LLM Reasoning and Architecture Reinforcement Learning for LLMs

Why do reasoning models abandon promising solution paths?

Explores whether reasoning models fail because they think insufficiently or because they structurally misorganize their thinking. Challenges the assumption that longer reasoning traces automatically improve performance.

Note · 2026-02-22 · sourced from Reasoning o1 o3 Search

The dominant narrative about reasoning models: they think step by step, explore the solution space, and arrive at answers through deliberation. The reality: they wander.

The formalization. Systematic exploration requires three properties: validity (following legal transitions), effectiveness (reaching goals), and necessity (no wasted states). Current reasoning LLMs fail all three. A model performing DFS on a binary tree of depth d with branch-omission probability pw sees success drop exponentially: problems that look tractable at depth 5 become impossible at depth 15.

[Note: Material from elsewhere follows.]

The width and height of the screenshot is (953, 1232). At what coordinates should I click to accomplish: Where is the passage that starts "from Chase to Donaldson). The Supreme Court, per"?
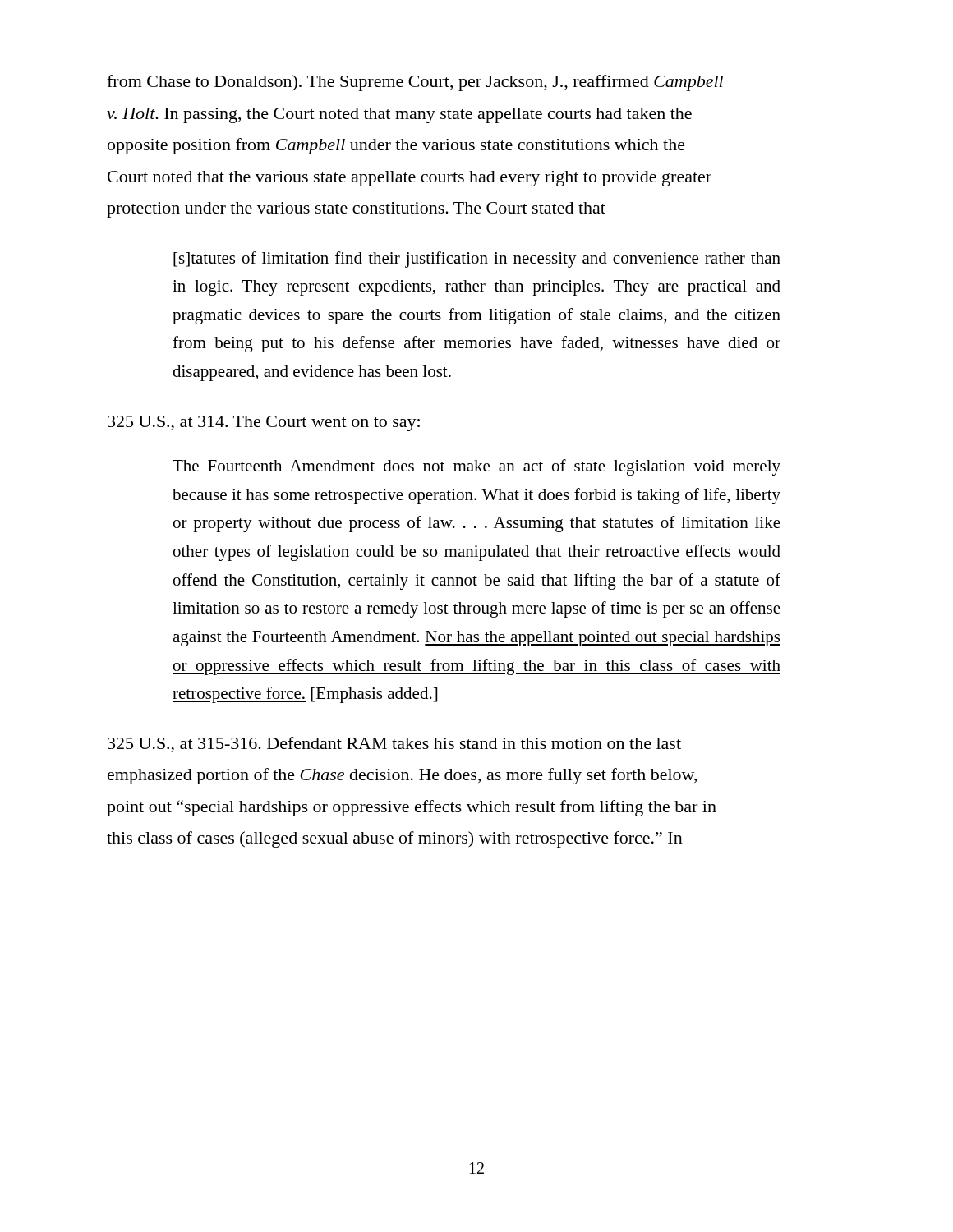[x=415, y=144]

The complementary failure. Separately, o1-like models exhibit "underthinking" — not too little total reasoning, but too little depth per reasoning thread. The model starts down a promising path, encounters difficulty, switches to another approach, encounters difficulty there, switches again. The result is a long trace (many tokens) with shallow exploration (insufficient depth on any single path).

Why both matter together. Wandering and underthinking are not the same failure mode, but they reinforce each other. A model that switches approaches prematurely (underthinking) generates more abandoned branches to wander between (wandering). More compute doesn't fix either — a wandering model given more tokens wanders more extensively, and an underthinking model given more tokens switches more frequently.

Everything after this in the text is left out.